Even before the hip teenagers realized that nobody goes to the mall anymore, about a dozen math and science Ph.Ds packed into a co-working office in downtown Manhattan already knew it. On their computers, the Ph.Ds started to see a decline in the number of “pings” from cellphones that they were tracking in those malls. And that drop-off became an important signal for the stock market well before some malls announced disappointing financial results.
In a similar way, web-scraping company Thinknum in June noticed a drop in job listings on a Tesla site the day before the company announced a restructuring. And long before it became clear that Adidas was stealing market share from Nike and Under Armour , consumers who filled out online surveys created for investment bank Cowen & Co. started to say they preferred Adidas.
For savvy investors, such information presented buying and selling opportunities.
Gathering data today doesn’t involve driving to every cellphone store in a state to ask how business is doing. Mundane activities—surfing the web, buying something with a credit card—now leave terabytes’ worth of digital clues. Much of it is considered “waste” or “exhaust”—information that’s created in the normal course of doing another kind of business. The people who make the weather or map apps on your phone track your location so they can give you accurate information about the weather. It just so happens that they can also sell that information to hedge funds, which use it to determine where people are shopping. There are hundreds of such apps that track locations with the permission of the people who download them.

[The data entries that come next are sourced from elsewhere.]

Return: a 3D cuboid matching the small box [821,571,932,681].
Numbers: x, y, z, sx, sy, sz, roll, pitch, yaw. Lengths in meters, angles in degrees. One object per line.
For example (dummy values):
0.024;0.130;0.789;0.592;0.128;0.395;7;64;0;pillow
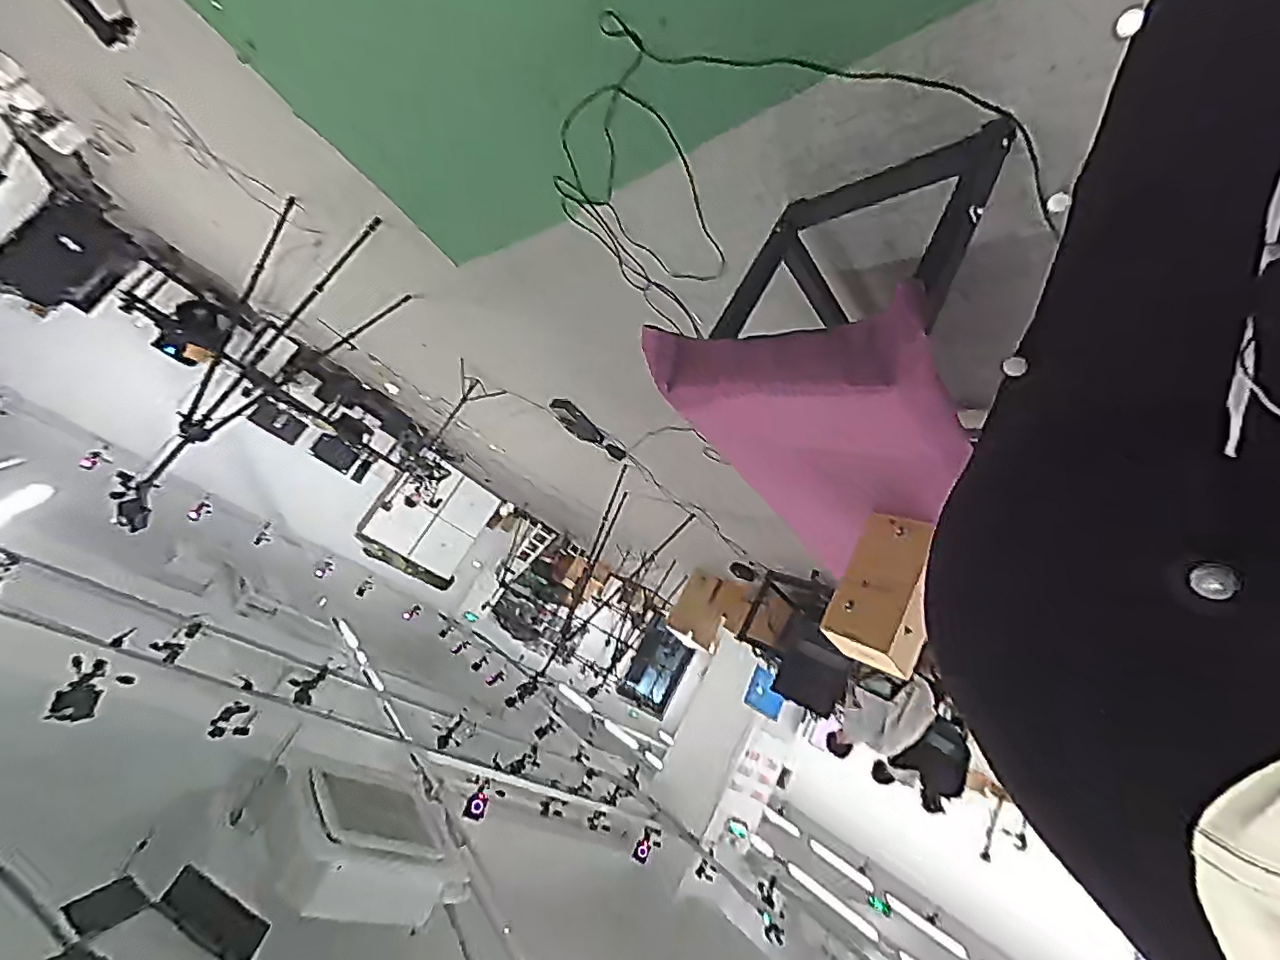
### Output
0.562;0.338;1.276;0.168;0.176;0.179;13;156;48;small box

Other companies then turn that raw data into useful forms. New York–based Thasos Group gathers anonymized location data from about 500 million phones that are running any one of more than 1,000 apps. The information comes into the company’s computers as dots on a map, as in the case of the shopping malls. The firm’s software links the signal counts associated with those mapped malls to the tickers of retailers or publicly traded mall owners, to see where traffic is growing or shrinking over time.
Thasos allows investors to see which mall customers are from wealthier census blocks, and which shop at multiple malls, among other insights. Bond investors can search by individual mall properties to determine if they’re likely to stay creditworthy.
It’s an incredibly laborious process, one that took Thasos six years to nail down. “It’s like understanding particle behavior and trying to build a model,” says Thasos CEO Greg Skibiski. “It’s physics basically that we do here.”
The company sells the full package of the product directly to investors for $100,000 to $200,000, and Bloomberg is offering a version of it directly through its terminal.
In July 2017, Thasos issued a press release showing foot-traffic data for the five top-performing and five bottom-performing real estate investment trust among the 30 largest ones that the company was tracking. The company’s predictions weren’t perfect—it said Simon Property Group (SPG) was lagging behind, but that company ended up increasing its earnings guidance—but the malls it said were winners all had positive price moves after reporting earnings, and three of the five companies it said would lag behind fell after reporting earnings. Several mall operators are themselves now buying data from Thasos, the company says.
Thasos has dozens of clients, but it’s still relatively rare for most fund managers to pay for cellphone-location information, says Richard Johnson, an analyst with Greenwich Associates. About 10% of the money managers Greenwich surveyed used it.
“The location data gets a lot of headlines, but it doesn’t seem to get a lot of usage,” he says. That’s not necessarily a bad thing, he adds. “The ones people aren’t using now may have the most value,” he says.